Aquella imagen familiar, que interiorizó en la juventud y que
representaba la parábola de una idea extraña y muy importante en la asignatura
de física: La de “campo”.
La gota caía en el estanque (campo) y se producía la alteración
(ondas): Estas corrían hasta llegar al borde y rebotaban.
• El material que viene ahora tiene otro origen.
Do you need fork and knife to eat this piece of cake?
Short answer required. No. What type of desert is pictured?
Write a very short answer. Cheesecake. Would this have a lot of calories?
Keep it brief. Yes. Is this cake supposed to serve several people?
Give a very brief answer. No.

Esta idea lo dejo confuso. En el espacio los campos son (por lo
menos) tridimensionales, tienen sus alteraciones (las ondas). Todos vivimos en
los campos y disfrutamos de sus alteraciones. Y se preguntó:
¿A dónde van cuando se atenúan?
¿Dónde está el borde?
¿Dónde rebotan las ondas en el espacio tridimensional?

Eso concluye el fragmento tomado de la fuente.